Here is a minimal configuration example for running Dex:
issuer: https://dex.tunnelto.dev/dex
storage:
type: memory
web:
http: 0.0.0.0:5556
oauth2:
# Automate some clicking
# Note: this might actually make some tests pass that otherwise wouldn't.
skipApprovalScreen: true
connectors:
# Note: this might actually make some tests pass that otherwise wouldn't.
- type: mockCallback
id: mock
name: Example
# Basic OP test suite requires two clients.
staticClients:
- id: first_client
secret: 89d6205220381728e85c4cf5
redirectURIs:
- https://www.certification.openid.net/test/a/dex/callback
name: First client
- id: second_client
secret: 51c612288018fd384b05d6ad
redirectURIs:
- https://www.certification.openid.net/test/a/dex/callback
name: Second client
Save it in a file (eg. config.yaml) then launch Dex:
dex serve config.yaml
Then launch the tunnel:
tunnelto --subdomain dex --port 5556
You can verify Dex running by checking the discovery endpoint:
curl https://dex.tunnelto.dev/dex/.well-known/openid-configuration
Running tests
- Open https://www.certification.openid.net/ in your browser
- Login with your Google or GitLab account
- Click Create a new test plan
- Select OpenID Connect Core: Basic Certification Profile Authorization server test as the test plan
- Server metadata location should be discovery
- Client registration type should be static_client
- Choose an alias (that you used in the redirect URIs above)
- Enter the discovery URL
- Enter the first client details in the Client and Second client sections
- Enter the second client details in the Client for client_secret_post section
- Hit Create test plan
- Run through each test case, following all instructions given by individual cases.
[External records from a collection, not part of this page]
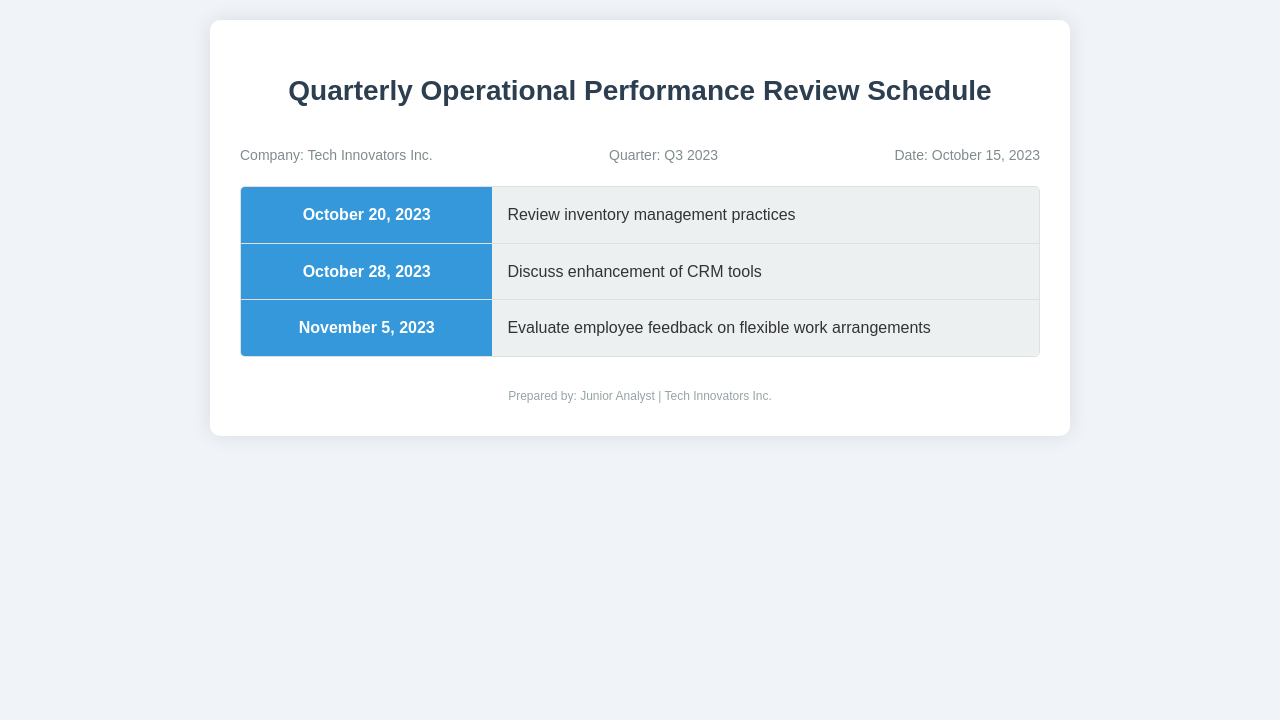What is the company name? The company's name is mentioned in the document's header under "Company."
Answer: Tech Innovators Inc What is the quarter mentioned in the document? The quarter is specified in the "Quarter" section of the document.
Answer: Q3 2023 What is the date of the operational performance review? The date is listed in the header under "Date."
Answer: October 15, 2023 What is the first agenda item on the schedule? The first item is detailed in the first entry of the schedule under "agenda."
Answer: Review inventory management practices What date is associated with the discussion on CRM tools enhancement? The date is provided in the schedule next to the corresponding agenda item.
Answer: October 28, 2023 How many schedule items are listed in total? The total is derived from counting the number of entries in the schedule section.
Answer: 3 What is the focus of the meeting on November 5, 2023? This focus is indicated under the "agenda" description for that date.
Answer: Evaluate employee feedback on flexible work arrangements Who prepared the document? The document mentions the preparer in the footer section.
Answer: Junior Analyst What background color is used for the date section? This detail can be found in the style description for the schedule items.
Answer: Blue 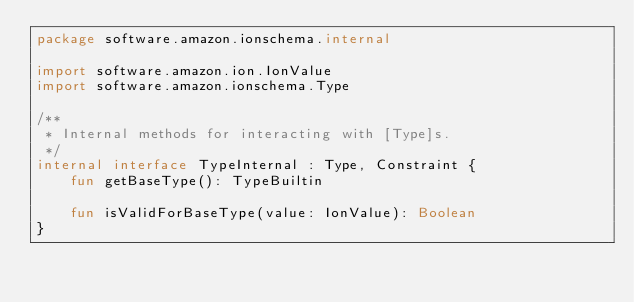Convert code to text. <code><loc_0><loc_0><loc_500><loc_500><_Kotlin_>package software.amazon.ionschema.internal

import software.amazon.ion.IonValue
import software.amazon.ionschema.Type

/**
 * Internal methods for interacting with [Type]s.
 */
internal interface TypeInternal : Type, Constraint {
    fun getBaseType(): TypeBuiltin

    fun isValidForBaseType(value: IonValue): Boolean
}

</code> 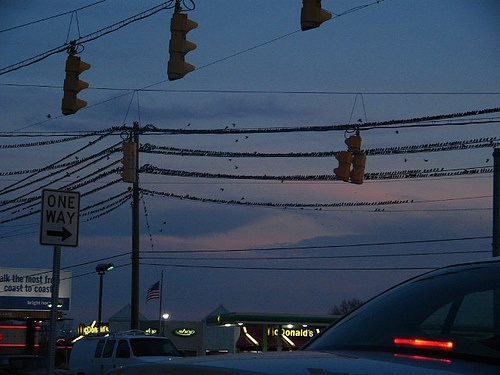Describe the objects in this image and their specific colors. I can see bird in darkblue, gray, black, and navy tones, car in darkblue, black, navy, and red tones, truck in darkblue, black, navy, and gray tones, traffic light in darkblue, black, gray, and blue tones, and traffic light in darkblue, black, gray, and blue tones in this image. 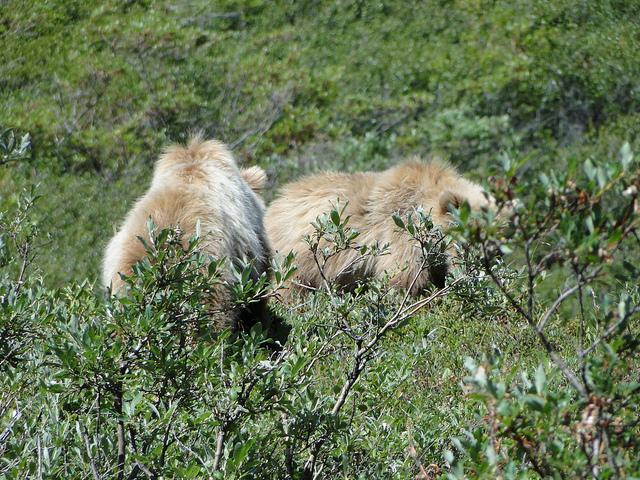What color are the flowers toward the middle/right?
Short answer required. White. How many animals are in the photo?
Give a very brief answer. 2. What type of animals are in the field?
Give a very brief answer. Bears. Why do these reptiles have fur?
Be succinct. There bears. Can you see the animals faces?
Write a very short answer. No. 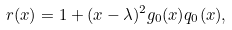<formula> <loc_0><loc_0><loc_500><loc_500>r ( x ) = 1 + ( x - \lambda ) ^ { 2 } g _ { 0 } ( x ) q _ { 0 } ( x ) ,</formula> 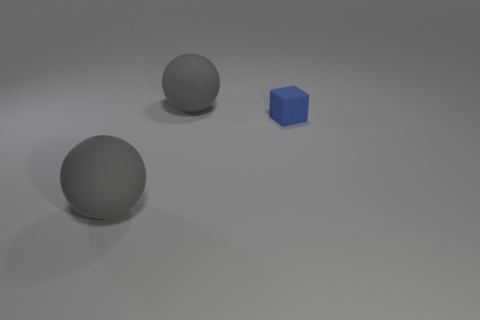Are the small blue cube and the large gray sphere that is in front of the tiny blue matte thing made of the same material?
Your answer should be very brief. Yes. The matte thing in front of the tiny matte cube is what color?
Your answer should be compact. Gray. Does the rubber object in front of the blue matte cube have the same size as the tiny cube?
Provide a short and direct response. No. There is a tiny blue block; how many gray rubber objects are behind it?
Keep it short and to the point. 1. Is there another rubber cube of the same size as the blue cube?
Give a very brief answer. No. What is the color of the object that is to the left of the large thing behind the blue cube?
Make the answer very short. Gray. How many big gray objects are the same shape as the small blue thing?
Provide a short and direct response. 0. What shape is the tiny thing that is right of the matte sphere in front of the blue cube?
Make the answer very short. Cube. What number of balls are to the left of the large gray sphere that is behind the tiny blue block?
Provide a short and direct response. 1. There is a rubber cube to the right of the matte thing on the left side of the big sphere that is behind the tiny rubber object; what is its color?
Keep it short and to the point. Blue. 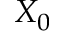Convert formula to latex. <formula><loc_0><loc_0><loc_500><loc_500>X _ { 0 }</formula> 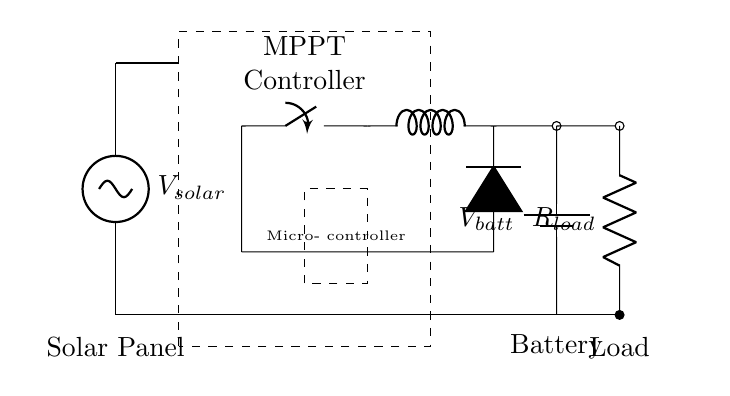What component is represented by the dashed rectangle? The dashed rectangle encloses the MPPT controller, which is positioned between the solar panel and the buck converter. The label indicates its function within the circuit.
Answer: MPPT Controller What is the role of the buck converter in this circuit? The buck converter is used to step down the voltage from the MPPT controller to a level suitable for charging the battery or powering the load. It regulates the voltage while maintaining efficiency.
Answer: Step-down voltage What are the two main energy sources in this circuit? The two main sources of energy in this circuit are the solar panel and the battery. The solar panel generates power, while the battery stores energy for later use to supply the load.
Answer: Solar Panel, Battery What is the function of the microcontroller? The microcontroller controls the operation of the MPPT controller and manages the charging of the battery, as well as monitoring the performance of the entire circuit. Its role is crucial for efficient energy use.
Answer: Control circuit How is the load connected to the circuit? The load is connected in series with the battery and the buck converter. The load receives power delivered from the battery that has been regulated by the circuit components for optimal performance.
Answer: In series What is the voltage of the solar panel? The voltage of the solar panel is represented by V_solar, indicating that the exact value depends on the specific solar panel used but is the potential generated by it.
Answer: V_solar What component restricts current flow to the load? The component that restricts current flow to the load is the resistor, labeled R_load. It can dictate how much current is allowed to flow to the load based on its resistance.
Answer: Resistor 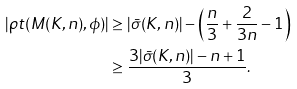Convert formula to latex. <formula><loc_0><loc_0><loc_500><loc_500>| \rho t ( M ( K , n ) , \phi ) | & \geq | \bar { \sigma } ( K , n ) | - \left ( \frac { n } { 3 } + \frac { 2 } { 3 n } - 1 \right ) \\ & \geq \frac { 3 | \bar { \sigma } ( K , n ) | - n + 1 } { 3 } .</formula>

- In order to pass certain cases, screenshots of OP responses might be required.
Last results
Dex does not fully pass the Basic profile test suite yet. The following table contains the current state of test results.
| Test Name | Status | Result |
|---|---|---|
| oidcc-server | FINISHED | PASSED |
| oidcc-response-type-missing | FINISHED | PASSED |
| oidcc-userinfo-get | FINISHED | PASSED |
| oidcc-userinfo-post-header | FINISHED | PASSED |
| oidcc-userinfo-post-body | FINISHED | WARNING |
| oidcc-ensure-request-without-nonce-succeeds-for-code-flow | FINISHED | PASSED |
| oidcc-scope-profile | FINISHED | WARNING |
| oidcc-scope-email | FINISHED | WARNING |
| oidcc-scope-address | FINISHED | SKIPPED |
| oidcc-scope-phone | FINISHED | SKIPPED |
| oidcc-scope-all | FINISHED | SKIPPED |
| oidcc-ensure-other-scope-order-succeeds | FINISHED | WARNING |
| oidcc-display-page | FINISHED | PASSED |
| oidcc-display-popup | FINISHED | PASSED |
| oidcc-prompt-login | INTERRUPTED | UNKNOWN |
| oidcc-prompt-none-not-logged-in | FINISHED | FAILED |
| oidcc-prompt-none-logged-in | FINISHED | PASSED |
| oidcc-max-age-1 | INTERRUPTED | FAILED |
| oidcc-max-age-10000 | FINISHED | FAILED |
| oidcc-ensure-request-with-unknown-parameter-succeeds | FINISHED | PASSED |
| oidcc-id-token-hint | FINISHED | PASSED |
| oidcc-login-hint | FINISHED | PASSED |
| oidcc-ui-locales | FINISHED | PASSED |
| oidcc-claims-locales | FINISHED | PASSED |
| oidcc-ensure-request-with-acr-values-succeeds | FINISHED | WARNING |
| oidcc-codereuse | FINISHED | PASSED |
| oidcc-codereuse-30seconds | FINISHED | WARNING |
| oidcc-ensure-registered-redirect-uri | INTERRUPTED | REVIEW |
| oidcc-server-client-secret-post | FINISHED | PASSED |
| oidcc-unsigned-request-object-supported-correctly-or-rejected-as-unsupported | INTERRUPTED | UNKNOWN |
| oidcc-claims-essential | FINISHED | WARNING |
| oidcc-ensure-request-object-with-redirect-uri | INTERRUPTED | UNKNOWN |
| oidcc-refresh-token | INTERRUPTED | FAILED |
| oidcc-ensure-request-with-valid-pkce-succeeds | FINISHED | PASSED |
TODO: find a better place for test results.